Exercise instructions:
Reproduce all of the data below without alteration; exclude every picture.

Stored entries:
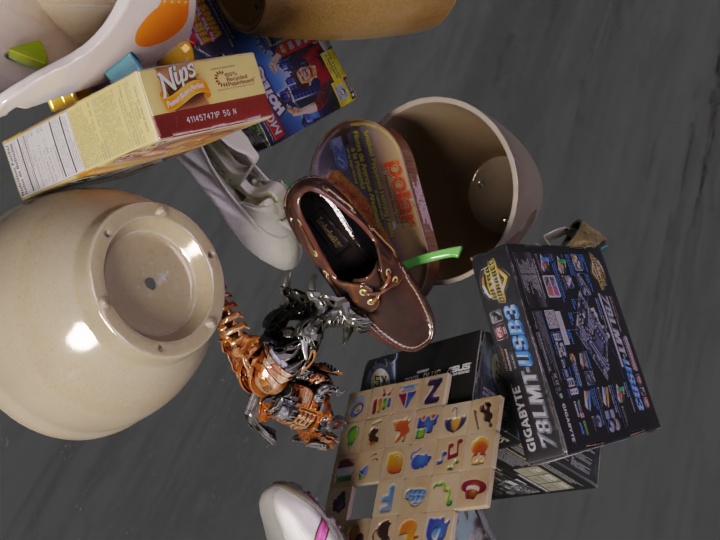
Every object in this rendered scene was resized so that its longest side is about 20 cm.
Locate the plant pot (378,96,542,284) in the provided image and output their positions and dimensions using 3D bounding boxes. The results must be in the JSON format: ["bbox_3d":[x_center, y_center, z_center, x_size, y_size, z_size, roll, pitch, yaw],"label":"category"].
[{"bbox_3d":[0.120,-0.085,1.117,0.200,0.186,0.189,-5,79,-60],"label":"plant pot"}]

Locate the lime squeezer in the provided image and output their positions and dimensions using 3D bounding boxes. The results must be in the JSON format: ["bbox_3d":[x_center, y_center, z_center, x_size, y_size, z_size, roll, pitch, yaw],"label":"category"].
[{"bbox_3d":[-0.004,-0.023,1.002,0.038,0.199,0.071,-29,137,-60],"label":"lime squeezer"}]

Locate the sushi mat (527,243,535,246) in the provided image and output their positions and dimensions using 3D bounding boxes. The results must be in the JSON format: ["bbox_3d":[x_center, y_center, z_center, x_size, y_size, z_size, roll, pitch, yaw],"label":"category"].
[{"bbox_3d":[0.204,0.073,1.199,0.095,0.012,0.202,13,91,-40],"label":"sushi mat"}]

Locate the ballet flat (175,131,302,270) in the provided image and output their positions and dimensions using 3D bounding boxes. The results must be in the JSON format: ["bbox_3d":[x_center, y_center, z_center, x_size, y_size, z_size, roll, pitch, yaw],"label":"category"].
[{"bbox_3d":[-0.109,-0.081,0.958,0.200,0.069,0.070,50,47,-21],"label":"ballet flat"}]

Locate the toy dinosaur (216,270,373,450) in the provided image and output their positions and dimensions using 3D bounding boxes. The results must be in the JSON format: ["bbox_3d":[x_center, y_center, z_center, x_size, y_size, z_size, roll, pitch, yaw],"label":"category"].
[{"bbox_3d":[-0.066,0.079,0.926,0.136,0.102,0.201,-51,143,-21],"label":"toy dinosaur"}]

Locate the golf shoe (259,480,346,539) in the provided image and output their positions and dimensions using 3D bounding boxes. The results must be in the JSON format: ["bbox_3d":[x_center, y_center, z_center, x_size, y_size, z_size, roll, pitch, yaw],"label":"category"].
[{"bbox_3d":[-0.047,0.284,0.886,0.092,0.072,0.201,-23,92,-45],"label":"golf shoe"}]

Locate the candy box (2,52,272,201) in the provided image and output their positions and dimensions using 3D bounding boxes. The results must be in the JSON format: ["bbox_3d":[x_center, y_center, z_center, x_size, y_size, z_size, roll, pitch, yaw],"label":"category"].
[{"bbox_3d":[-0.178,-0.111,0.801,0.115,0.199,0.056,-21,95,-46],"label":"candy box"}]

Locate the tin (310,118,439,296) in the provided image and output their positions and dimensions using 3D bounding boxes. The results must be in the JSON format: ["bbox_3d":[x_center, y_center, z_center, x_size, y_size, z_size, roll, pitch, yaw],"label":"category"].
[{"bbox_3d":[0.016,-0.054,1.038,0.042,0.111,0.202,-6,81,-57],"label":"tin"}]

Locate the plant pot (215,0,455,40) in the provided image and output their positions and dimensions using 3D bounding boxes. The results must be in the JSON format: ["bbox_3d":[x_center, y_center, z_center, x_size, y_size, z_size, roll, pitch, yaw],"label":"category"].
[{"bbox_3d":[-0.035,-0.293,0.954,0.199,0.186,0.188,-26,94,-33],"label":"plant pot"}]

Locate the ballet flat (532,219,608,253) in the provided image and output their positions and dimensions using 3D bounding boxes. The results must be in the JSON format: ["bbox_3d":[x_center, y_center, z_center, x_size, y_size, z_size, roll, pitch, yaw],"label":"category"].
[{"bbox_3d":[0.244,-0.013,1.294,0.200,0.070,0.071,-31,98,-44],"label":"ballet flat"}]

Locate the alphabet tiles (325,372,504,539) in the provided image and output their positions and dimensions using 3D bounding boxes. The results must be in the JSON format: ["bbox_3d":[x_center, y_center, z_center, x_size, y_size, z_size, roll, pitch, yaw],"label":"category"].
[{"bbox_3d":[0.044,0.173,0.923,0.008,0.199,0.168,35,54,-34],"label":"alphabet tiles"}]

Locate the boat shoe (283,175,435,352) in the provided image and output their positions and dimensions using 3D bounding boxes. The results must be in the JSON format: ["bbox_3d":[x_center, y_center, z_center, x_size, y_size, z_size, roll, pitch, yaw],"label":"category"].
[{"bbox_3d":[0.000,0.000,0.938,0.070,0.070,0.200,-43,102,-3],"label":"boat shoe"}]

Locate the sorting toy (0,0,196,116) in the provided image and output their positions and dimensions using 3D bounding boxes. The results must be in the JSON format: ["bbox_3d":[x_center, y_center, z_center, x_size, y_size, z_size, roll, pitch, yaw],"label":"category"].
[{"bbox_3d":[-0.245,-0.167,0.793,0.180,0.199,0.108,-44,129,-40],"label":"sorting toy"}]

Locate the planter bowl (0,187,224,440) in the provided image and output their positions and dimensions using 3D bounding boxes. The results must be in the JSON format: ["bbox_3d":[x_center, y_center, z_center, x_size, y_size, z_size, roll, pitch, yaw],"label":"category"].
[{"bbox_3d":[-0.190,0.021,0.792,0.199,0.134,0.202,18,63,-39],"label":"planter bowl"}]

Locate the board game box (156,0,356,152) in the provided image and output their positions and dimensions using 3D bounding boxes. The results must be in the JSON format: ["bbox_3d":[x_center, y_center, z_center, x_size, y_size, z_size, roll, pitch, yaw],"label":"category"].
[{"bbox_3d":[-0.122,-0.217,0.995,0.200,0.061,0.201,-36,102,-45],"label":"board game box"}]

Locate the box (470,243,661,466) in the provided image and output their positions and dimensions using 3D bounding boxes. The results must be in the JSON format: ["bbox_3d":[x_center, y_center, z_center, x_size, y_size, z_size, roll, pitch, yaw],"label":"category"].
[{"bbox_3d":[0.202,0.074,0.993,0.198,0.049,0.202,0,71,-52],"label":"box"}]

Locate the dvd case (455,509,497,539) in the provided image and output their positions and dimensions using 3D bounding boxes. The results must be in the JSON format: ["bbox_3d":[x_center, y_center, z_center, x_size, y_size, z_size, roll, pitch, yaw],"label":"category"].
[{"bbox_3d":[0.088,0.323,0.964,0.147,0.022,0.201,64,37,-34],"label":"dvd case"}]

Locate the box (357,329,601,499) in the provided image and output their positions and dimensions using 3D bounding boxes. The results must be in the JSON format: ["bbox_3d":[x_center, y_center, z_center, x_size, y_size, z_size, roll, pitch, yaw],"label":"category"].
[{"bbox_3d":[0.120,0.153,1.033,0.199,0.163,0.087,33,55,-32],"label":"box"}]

Answer to this task:
Every object in this rendered scene was resized so that its longest side is about 20 cm.
Locate the plant pot (378,96,542,284) in the provided image and output their positions and dimensions using 3D bounding boxes. The results must be in the JSON format: ["bbox_3d":[x_center, y_center, z_center, x_size, y_size, z_size, roll, pitch, yaw],"label":"category"].
[{"bbox_3d":[0.120,-0.085,1.117,0.200,0.186,0.189,-5,79,-60],"label":"plant pot"}]

Locate the lime squeezer in the provided image and output their positions and dimensions using 3D bounding boxes. The results must be in the JSON format: ["bbox_3d":[x_center, y_center, z_center, x_size, y_size, z_size, roll, pitch, yaw],"label":"category"].
[{"bbox_3d":[-0.004,-0.023,1.002,0.038,0.199,0.071,-29,137,-60],"label":"lime squeezer"}]

Locate the sushi mat (527,243,535,246) in the provided image and output their positions and dimensions using 3D bounding boxes. The results must be in the JSON format: ["bbox_3d":[x_center, y_center, z_center, x_size, y_size, z_size, roll, pitch, yaw],"label":"category"].
[{"bbox_3d":[0.204,0.073,1.199,0.095,0.012,0.202,13,91,-40],"label":"sushi mat"}]

Locate the ballet flat (175,131,302,270) in the provided image and output their positions and dimensions using 3D bounding boxes. The results must be in the JSON format: ["bbox_3d":[x_center, y_center, z_center, x_size, y_size, z_size, roll, pitch, yaw],"label":"category"].
[{"bbox_3d":[-0.109,-0.081,0.958,0.200,0.069,0.070,50,47,-21],"label":"ballet flat"}]

Locate the toy dinosaur (216,270,373,450) in the provided image and output their positions and dimensions using 3D bounding boxes. The results must be in the JSON format: ["bbox_3d":[x_center, y_center, z_center, x_size, y_size, z_size, roll, pitch, yaw],"label":"category"].
[{"bbox_3d":[-0.066,0.079,0.926,0.136,0.102,0.201,-51,143,-21],"label":"toy dinosaur"}]

Locate the golf shoe (259,480,346,539) in the provided image and output their positions and dimensions using 3D bounding boxes. The results must be in the JSON format: ["bbox_3d":[x_center, y_center, z_center, x_size, y_size, z_size, roll, pitch, yaw],"label":"category"].
[{"bbox_3d":[-0.047,0.284,0.886,0.092,0.072,0.201,-23,92,-45],"label":"golf shoe"}]

Locate the candy box (2,52,272,201) in the provided image and output their positions and dimensions using 3D bounding boxes. The results must be in the JSON format: ["bbox_3d":[x_center, y_center, z_center, x_size, y_size, z_size, roll, pitch, yaw],"label":"category"].
[{"bbox_3d":[-0.178,-0.111,0.801,0.115,0.199,0.056,-21,95,-46],"label":"candy box"}]

Locate the tin (310,118,439,296) in the provided image and output their positions and dimensions using 3D bounding boxes. The results must be in the JSON format: ["bbox_3d":[x_center, y_center, z_center, x_size, y_size, z_size, roll, pitch, yaw],"label":"category"].
[{"bbox_3d":[0.016,-0.054,1.038,0.042,0.111,0.202,-6,81,-57],"label":"tin"}]

Locate the plant pot (215,0,455,40) in the provided image and output their positions and dimensions using 3D bounding boxes. The results must be in the JSON format: ["bbox_3d":[x_center, y_center, z_center, x_size, y_size, z_size, roll, pitch, yaw],"label":"category"].
[{"bbox_3d":[-0.035,-0.293,0.954,0.199,0.186,0.188,-26,94,-33],"label":"plant pot"}]

Locate the ballet flat (532,219,608,253) in the provided image and output their positions and dimensions using 3D bounding boxes. The results must be in the JSON format: ["bbox_3d":[x_center, y_center, z_center, x_size, y_size, z_size, roll, pitch, yaw],"label":"category"].
[{"bbox_3d":[0.244,-0.013,1.294,0.200,0.070,0.071,-31,98,-44],"label":"ballet flat"}]

Locate the alphabet tiles (325,372,504,539) in the provided image and output their positions and dimensions using 3D bounding boxes. The results must be in the JSON format: ["bbox_3d":[x_center, y_center, z_center, x_size, y_size, z_size, roll, pitch, yaw],"label":"category"].
[{"bbox_3d":[0.044,0.173,0.923,0.008,0.199,0.168,35,54,-34],"label":"alphabet tiles"}]

Locate the boat shoe (283,175,435,352) in the provided image and output their positions and dimensions using 3D bounding boxes. The results must be in the JSON format: ["bbox_3d":[x_center, y_center, z_center, x_size, y_size, z_size, roll, pitch, yaw],"label":"category"].
[{"bbox_3d":[0.000,0.000,0.938,0.070,0.070,0.200,-43,102,-3],"label":"boat shoe"}]

Locate the sorting toy (0,0,196,116) in the provided image and output their positions and dimensions using 3D bounding boxes. The results must be in the JSON format: ["bbox_3d":[x_center, y_center, z_center, x_size, y_size, z_size, roll, pitch, yaw],"label":"category"].
[{"bbox_3d":[-0.245,-0.167,0.793,0.180,0.199,0.108,-44,129,-40],"label":"sorting toy"}]

Locate the planter bowl (0,187,224,440) in the provided image and output their positions and dimensions using 3D bounding boxes. The results must be in the JSON format: ["bbox_3d":[x_center, y_center, z_center, x_size, y_size, z_size, roll, pitch, yaw],"label":"category"].
[{"bbox_3d":[-0.190,0.021,0.792,0.199,0.134,0.202,18,63,-39],"label":"planter bowl"}]

Locate the board game box (156,0,356,152) in the provided image and output their positions and dimensions using 3D bounding boxes. The results must be in the JSON format: ["bbox_3d":[x_center, y_center, z_center, x_size, y_size, z_size, roll, pitch, yaw],"label":"category"].
[{"bbox_3d":[-0.122,-0.217,0.995,0.200,0.061,0.201,-36,102,-45],"label":"board game box"}]

Locate the box (470,243,661,466) in the provided image and output their positions and dimensions using 3D bounding boxes. The results must be in the JSON format: ["bbox_3d":[x_center, y_center, z_center, x_size, y_size, z_size, roll, pitch, yaw],"label":"category"].
[{"bbox_3d":[0.202,0.074,0.993,0.198,0.049,0.202,0,71,-52],"label":"box"}]

Locate the dvd case (455,509,497,539) in the provided image and output their positions and dimensions using 3D bounding boxes. The results must be in the JSON format: ["bbox_3d":[x_center, y_center, z_center, x_size, y_size, z_size, roll, pitch, yaw],"label":"category"].
[{"bbox_3d":[0.088,0.323,0.964,0.147,0.022,0.201,64,37,-34],"label":"dvd case"}]

Locate the box (357,329,601,499) in the provided image and output their positions and dimensions using 3D bounding boxes. The results must be in the JSON format: ["bbox_3d":[x_center, y_center, z_center, x_size, y_size, z_size, roll, pitch, yaw],"label":"category"].
[{"bbox_3d":[0.120,0.153,1.033,0.199,0.163,0.087,33,55,-32],"label":"box"}]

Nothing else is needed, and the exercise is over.